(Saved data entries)
--
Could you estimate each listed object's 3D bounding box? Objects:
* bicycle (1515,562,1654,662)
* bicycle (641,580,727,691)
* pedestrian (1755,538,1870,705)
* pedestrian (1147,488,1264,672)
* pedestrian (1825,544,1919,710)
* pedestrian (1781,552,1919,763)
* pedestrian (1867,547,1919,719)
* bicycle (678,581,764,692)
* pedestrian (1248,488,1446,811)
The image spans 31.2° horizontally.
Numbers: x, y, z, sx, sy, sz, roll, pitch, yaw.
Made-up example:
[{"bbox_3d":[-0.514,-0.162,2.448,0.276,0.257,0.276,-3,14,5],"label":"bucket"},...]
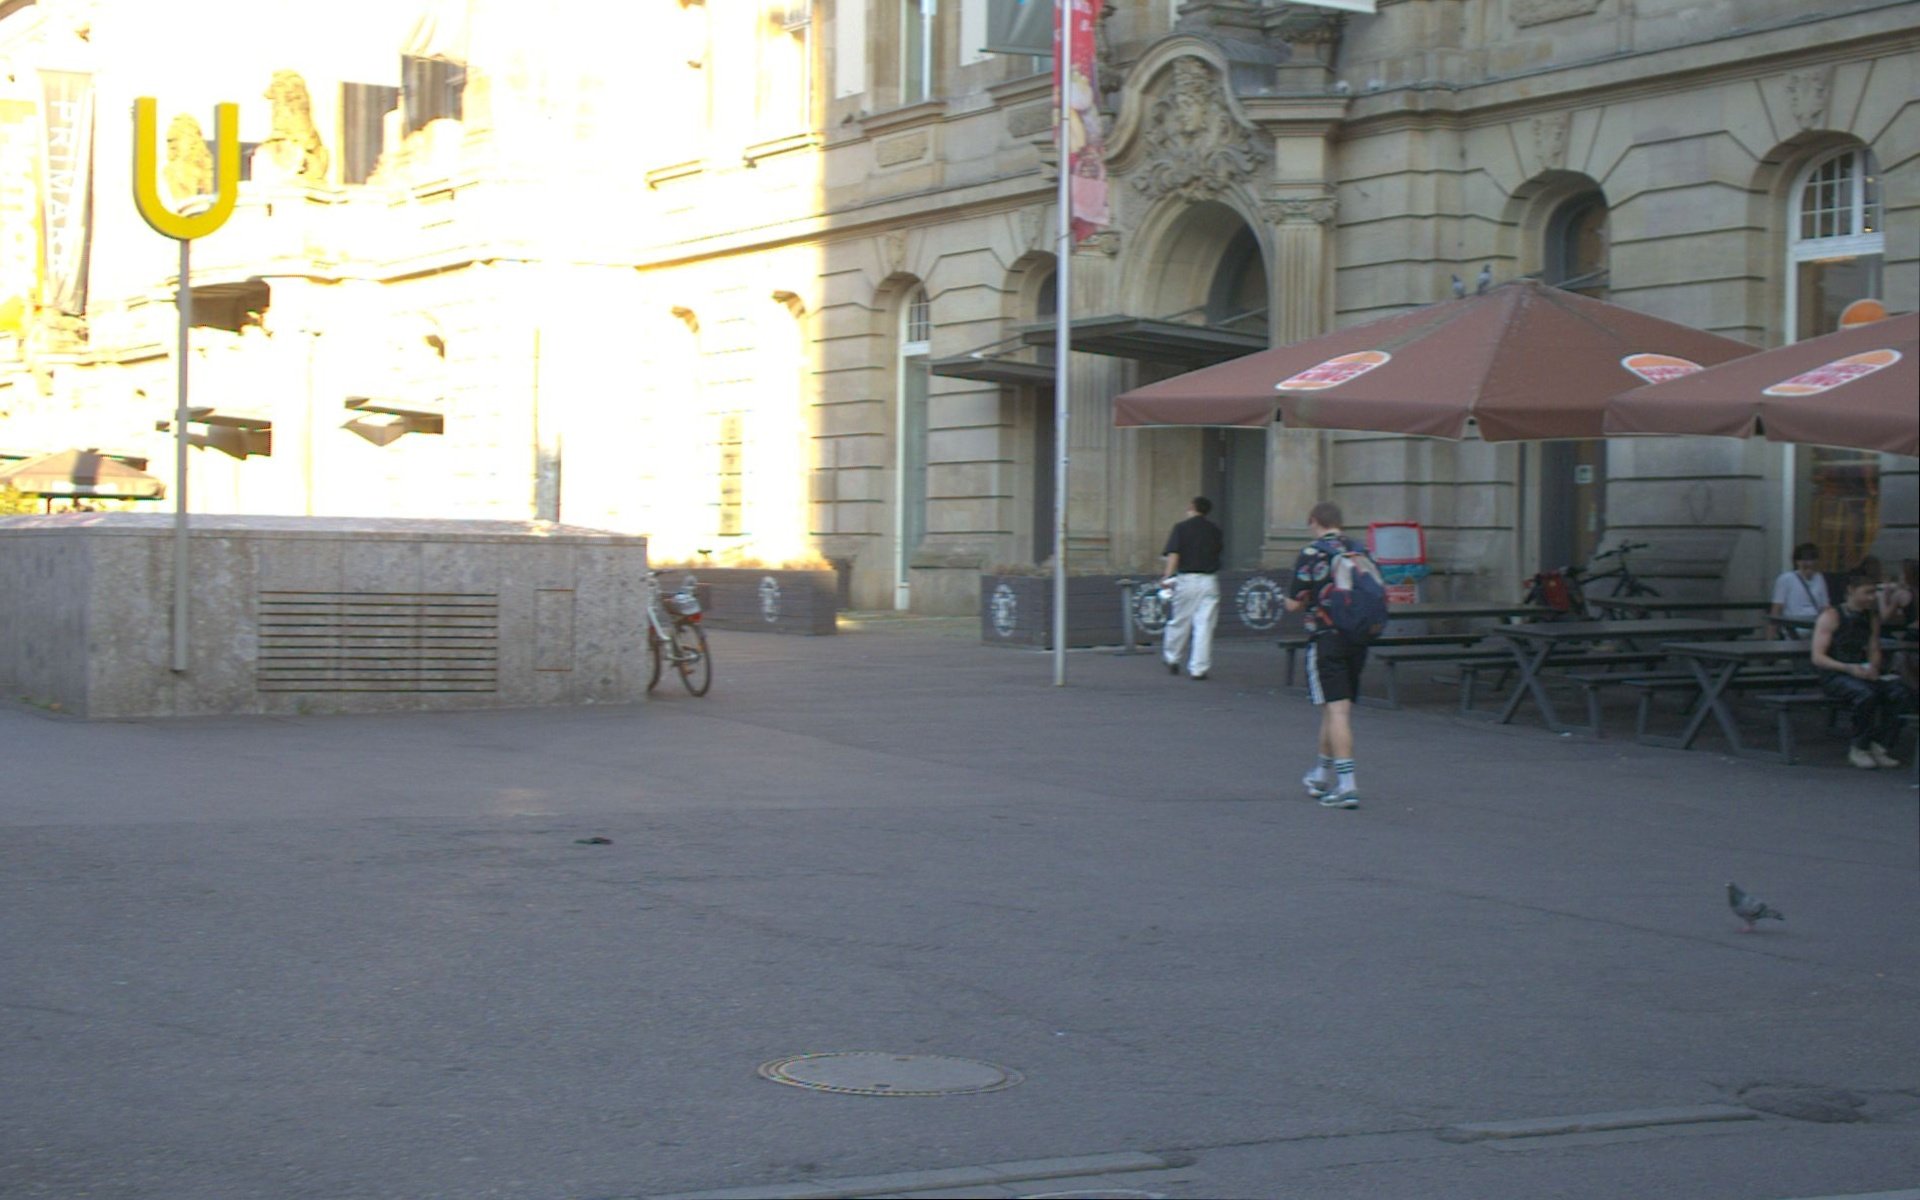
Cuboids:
--
### TASK TO COMPLETE:
From the first line to the last, write out the data above exactly. Omit the pictures.

### EXERCISE RESULT:
Could you estimate each listed object's 3D bounding box? Objects:
* bicycle (1515,562,1654,662)
* bicycle (641,580,727,691)
* pedestrian (1755,538,1870,705)
* pedestrian (1147,488,1264,672)
* pedestrian (1825,544,1919,710)
* pedestrian (1781,552,1919,763)
* pedestrian (1867,547,1919,719)
* bicycle (678,581,764,692)
* pedestrian (1248,488,1446,811)
The image spans 31.2° horizontally.
Numbers: x, y, z, sx, sy, sz, roll, pitch, yaw.
Made-up example:
[{"bbox_3d":[-0.514,-0.162,2.448,0.276,0.257,0.276,-3,14,5],"label":"bucket"},...]
Cuboids:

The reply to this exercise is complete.